In The Missing Picture Rithy Panh recounts the history of the Cambodian War and the destruction of his family using clay figurines. For a few minutes, the idyll of his pre-war life – relatives coming to visit bearing guava and jack fruit, children enjoying their lessons – survives. ‘I remember how sweet life was’, muses the voiceover, as the pulsing of helicopter blades encroaches on the sweet strains of a Cambodian song, before the image catches up and cuts to black and white archival montage of a blazing palm forest, soldiers rounding up villagers, a woman pleading for her life and people weeping over a line of bodies in body bags on stretchers. Over the last of these, the voiceover muses: ‘so many pictures that go by again and again in the world. We think we own them because we’ve seen them’; these, he concludes, are the memories ‘that are not missing’.
Using only archive and clay figurines, Panh’s re-enactment of the crimes perpetrated by the Khmer Rouge between 1975 and 1979 is an ‘approximation’, the juxtaposition with its factual basis – the war – enacted explicitly in the sequence that follows as red-scarfed puppets of Khmer soldiers cluster in front of a background of monochrome archive of bombings and military violence. As Sontag writes, ‘real wars are not metaphors’; ‘A picture, as everyone knows, is worth a thousand words. We will relive the event’ (2007: 119). In The Missing Picture this is both true and not: the ‘reality’ of the Cambodian War intrudes upon and destroys the pastoral serenity of the opening minutes, but Panh’s idiosyncratic retelling of the war extends, complicates and goes beyond the thousand-word picture as multiple personal and temporal perspectives converge, collide and inform each other. Very often tracing the paths of an ‘approximation’ and its potentially endless referents opens up the central ‘picture’ to such an extent that we find ourselves a long way from it and its familiar, tangible reality. So, every picture tells and does not tell a story.
For many documentary filmmakers, the archival image is an incontrovertible, verifiable record of and link to a no longer present moment. Emile de Antonio’s anti-Vietnam collage documentary, In the Year of the Pig (1969) contains a piece of archive from the French colonialist era of two Frenchmen in white hats and suits being pulled in rickshaws by Vietnamese servants, who are then summarily shooed away when they tentatively request payment for having delivered the men to a cafĂ©. De Antonio maintained that this 1930s scene ‘encapsulates the whole colonial empire’ and is ‘the equivalent of a couple of chapters of dense writing about the means of colonialism’ (Crowdus and Georgakas, 1988: 167). A single piece of archive might lack nuance and detail, but it bears the direct imprint of reality; although de Antonio overextends archive’s capabilities, he nevertheless touches on what marks it out from other documentary elements, namely the emotive potency of its indexicality.
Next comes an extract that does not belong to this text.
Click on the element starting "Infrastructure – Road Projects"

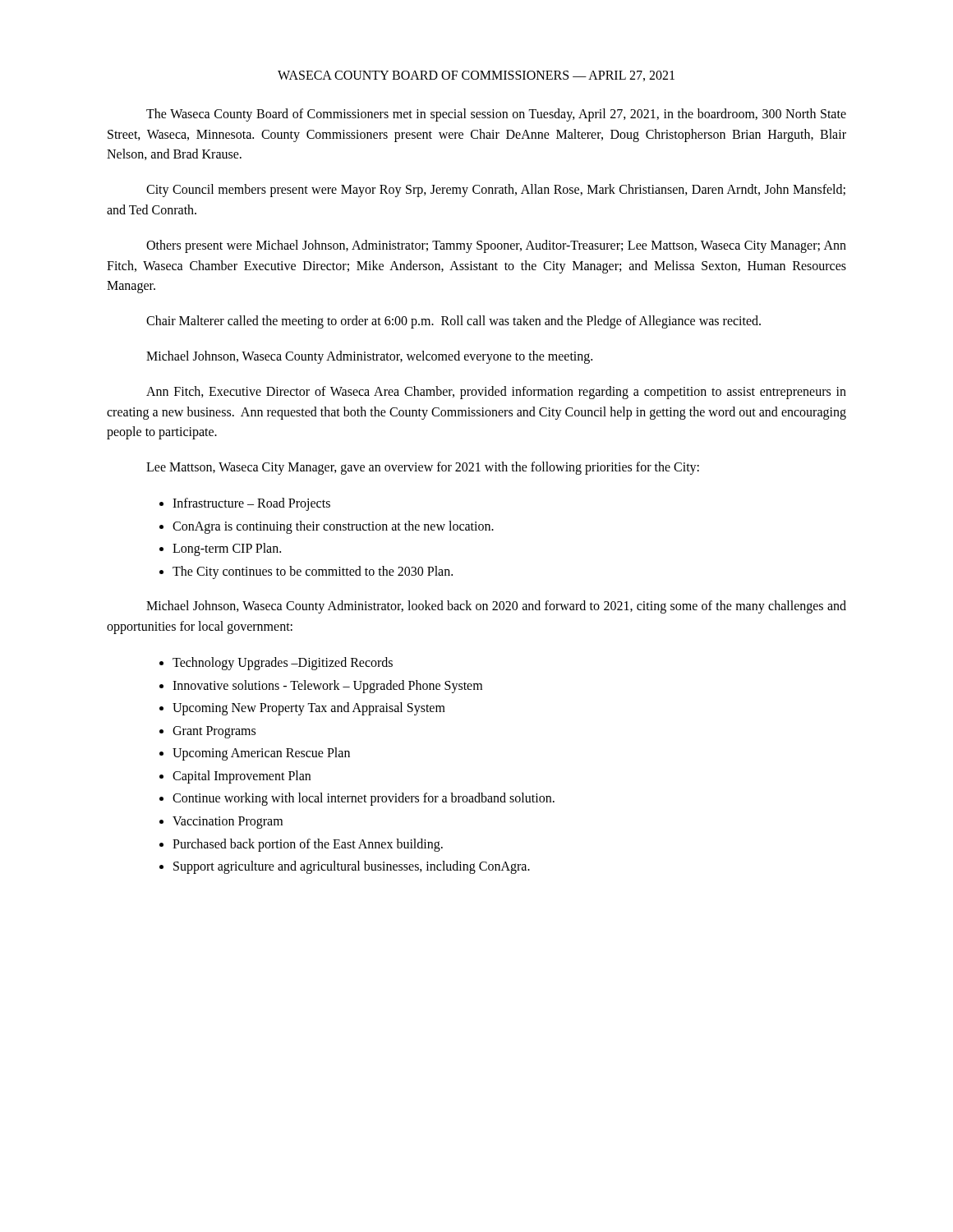pos(252,503)

If (as, after Foucault, I argue in Chapter 6) re-enactment is the ‘model’ ‘approximation’, the one that defines this project intellectually, the archive-based compilation film is its practical embodiment. The recycling and juxtaposition of archival images are key components of ‘approximation’, acts of yoking together that bring different representations into constructive collision, alongside alternative perspectives, temporal planes and arguments. Archive is also contained within another ‘approximate’ space: the archive, the ever-growing repository, whether physical or virtual, wherein sits the ‘grubby, infinite heap of things’ a researcher will wade through knowing they will not finish (Steedman, 2001: 18).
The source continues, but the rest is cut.